- Theatrical release poster
- Directed by: Douglas Sirk
- Written by: Helen Deutsch Samuel Fuller
- Starring: Cornel Wilde
- Cinematography: Charles Lawton Jr.
- Edited by: Gene Havlick
- Music by: George Duning
- Color process: Black and white
- Production company: Columbia Pictures
- Distributed by: Columbia Pictures
- Release date: January 20, 1949;
- Running time: 80 minutes
- Country: United States
- Language: English

= Shockproof =

1949 film by Douglas Sirk

Shockproof is a 1949 American crime film noir directed by Douglas Sirk and starring Patricia Knight and Cornel Wilde. Wilde and Knight were husband and wife during filming. They divorced in 1951.

==Plot==
Griff Marat (Cornel Wilde) is a parole officer who falls in love with a parolee, Jenny Marsh (Patricia Knight). Marsh had gone to prison in order to protect Harry Wesson (John Baragrey), a gambler with whom she was having an affair.

Warned to steer clear of Harry permanently, Jenny disobeys, still feeling loyal to him. A raid on Harry's bookie joint while Jenny is there costs her the job Griff has found for her. Out of concern for her welfare, Griff hires Jenny as a caretaker for his blind mother (Esther Minciotti).

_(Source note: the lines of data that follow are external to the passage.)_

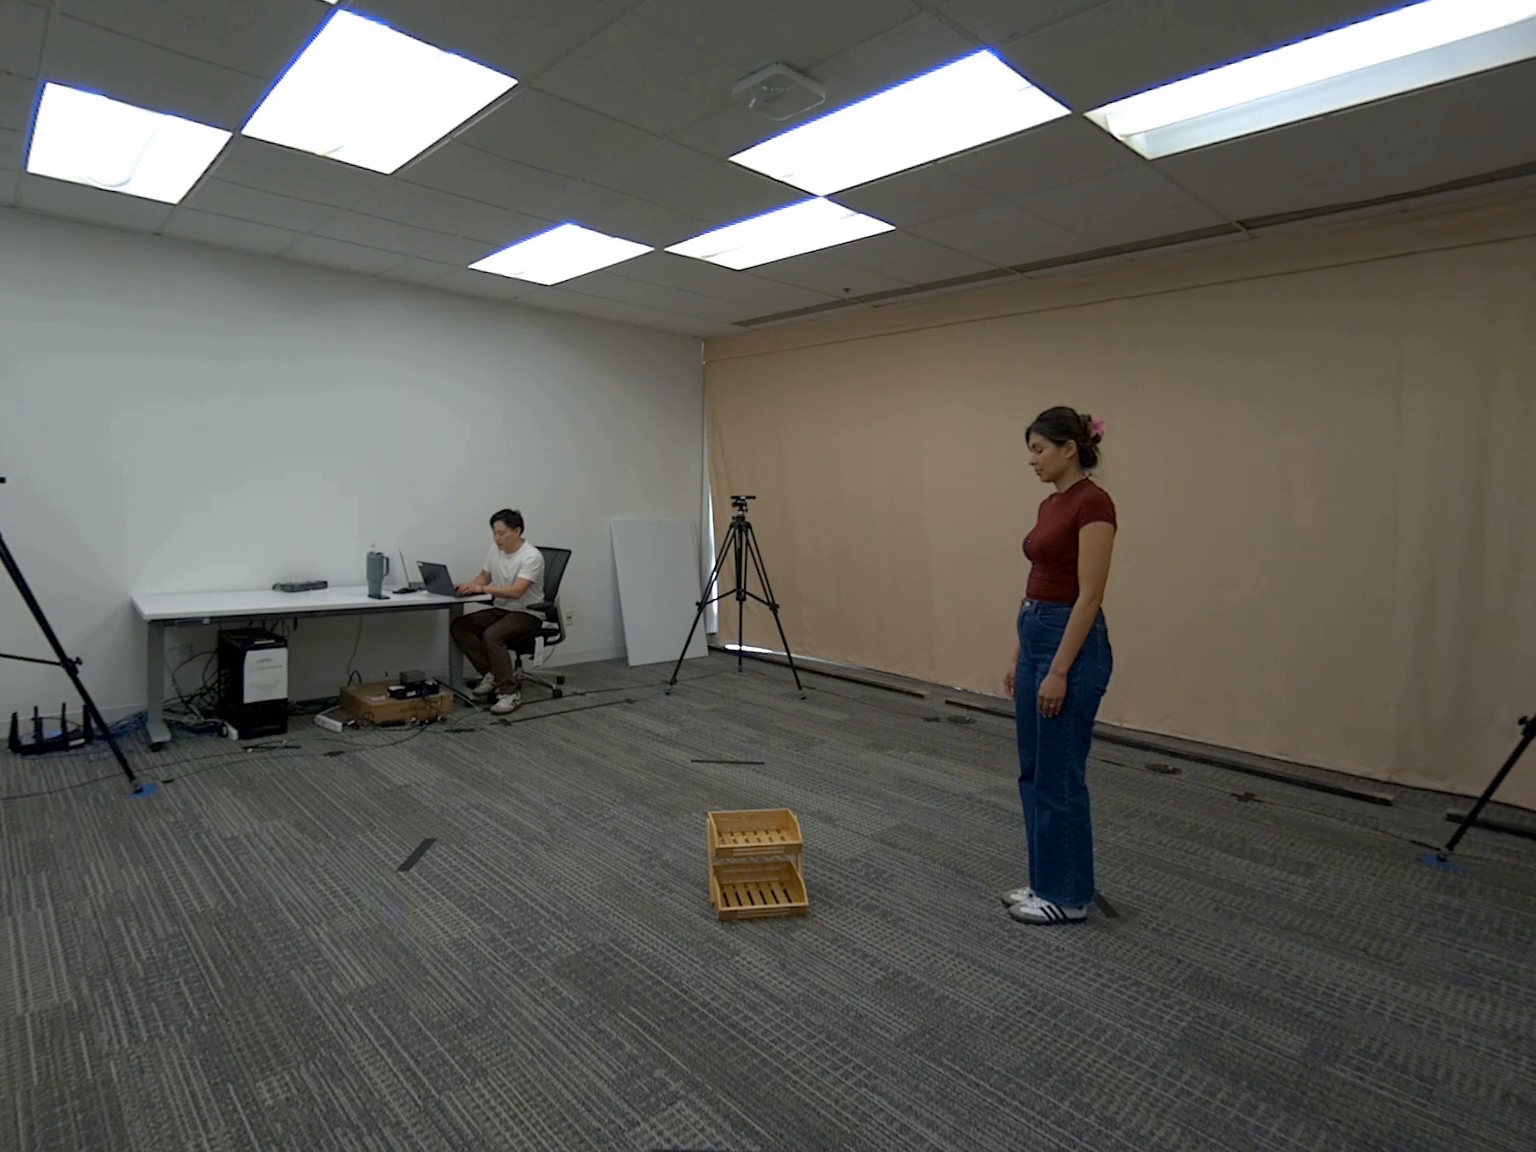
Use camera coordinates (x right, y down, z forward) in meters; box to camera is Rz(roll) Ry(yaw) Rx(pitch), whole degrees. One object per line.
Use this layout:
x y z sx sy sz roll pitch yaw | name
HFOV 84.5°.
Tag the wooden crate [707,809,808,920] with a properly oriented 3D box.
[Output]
-0.045 0.983 2.905 0.322 0.272 0.305 0 4 -11 | wooden crate
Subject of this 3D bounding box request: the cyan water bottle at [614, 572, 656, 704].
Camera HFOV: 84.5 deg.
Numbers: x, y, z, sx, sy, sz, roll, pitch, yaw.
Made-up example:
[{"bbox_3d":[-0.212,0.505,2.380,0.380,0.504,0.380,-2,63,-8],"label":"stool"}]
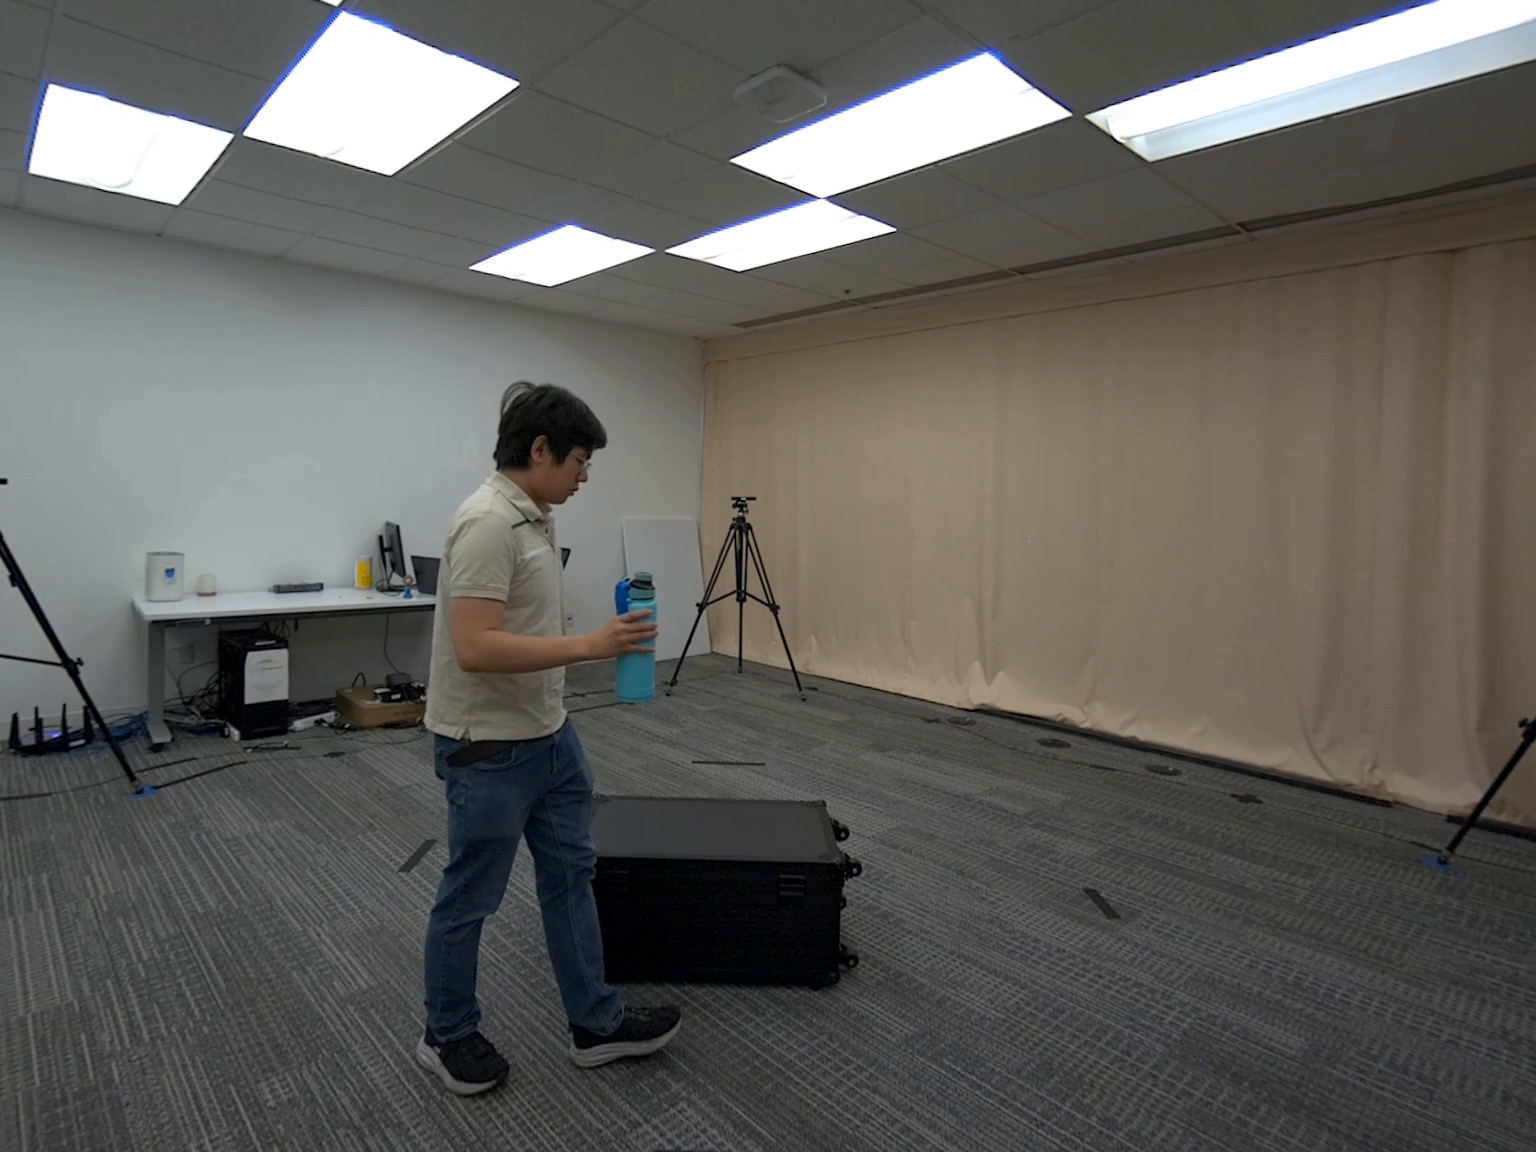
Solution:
[{"bbox_3d":[-0.304,0.137,1.852,0.092,0.282,0.093,3,8,-2],"label":"cyan water bottle"}]

Griff has political ambitions that Harry would like to ruin, so, knowing it is against regulations for the parolee and parole officer to be involved, Harry encourages Jenny to accept Griff's romantic advances. Jenny knows the regulations too, but realizes she loves Griff, and they get married; she makes one more trip to speak to Harry, to tell him that she truly loves Griff. During their conversation, Harry threatens to reveal letters she had written him, in which she expressed her love. Jenny points Harry's own gun at him and, after a brief struggle, he ends up shot and seriously wounded. Griff and Jenny attempt to flee to Mexico. This fails. Willing to do anything to keep his wife from going back to jail, Griff takes a job in an oil refinery. Their photographs regularly appear in newspapers, but the last straw for Jenny is when a paper that includes their pictures is delivered to every neighbor in their refinery community. The couple decides to go back and turn themselves in. When the police take them to Harry in the hospital, he clears Jenny's name by swearing that the shooting was an accident.

==Cast==
- Cornel Wilde as Griff Marat
- Patricia Knight as Jenny Marsh
- John Baragrey as Harry Wesson
- Esther Minciotti as Mrs. Marat
- Howard St. John as Sam Brooks
- Russell Collins as Frederick Bauer
- Charles Bates as Tommy Marat
- Arthur Space as police inspector at hospital (uncredited)
- Gilbert Barnett as Barry (uncredited)

==Background==
The director of Shockproof, Douglas Sirk, said he took the assignment because the film dealt with one of his favorite themes: the price of flouting taboos.

In Samuel Fuller's original script, the film ended with a violent rebellion by Marat against the system that kept him and Marsh apart. The studio had National Velvet scriptwriter Helen Deutsch step in to pen a soft-suds rewrite.

A number of Fuller's screenplays, including The Naked Kiss, The Baron of Arizona, House of Bamboo, Forty Guns, The Big Red One, and this film, featured a lead character called Griff.

==Reception==
E. Gonzalez wrote in Slant Magazine: "Sirk’s direction is disenchanted at times, and the script, a labyrinthine tale of emotional manipulation, feels tamed of its archness."

A New York Times writer, Matt Zoller Seitz, discussed the significance of Shockproof in 2007 when the film received its first theatrical showing in New York City:

...while Shockproof will inspire more groans than gasps, it's essential viewing for fans of Mr. Fuller and Mr. Sirk—and that's why the Two Boots Pioneer Theater and an online film discussion group teamed up to give this critically and financially unsuccessful movie its first New York run. The lurid setup and obsessive-loner-versus-the-system mechanics are pure Samuel Fuller. Mr. Sirk's personality is expressed in the film's affection for its screwed-up characters, in the poetic deployment of mirrors, windows and stairways, and in the low-angled wide shots of Griff's house, a space that seems both nurturing and oppressive."

== Trivia ==
The British serial killer John Straffen committed a murder on the way to see Shockproof at the cinema in 1951.

Shockproof includes brief interior scenes of the Bradbury Building, where the parole bureau's offices and doctor's office are supposed to be located, but the in-office scenes, which include unimpaired views of the Hall of Justice and the demolished Hall of Records, appear to have been filmed in offices of Los Angeles City Hall facing west onto N. Spring Street, several blocks north of the Bradbury.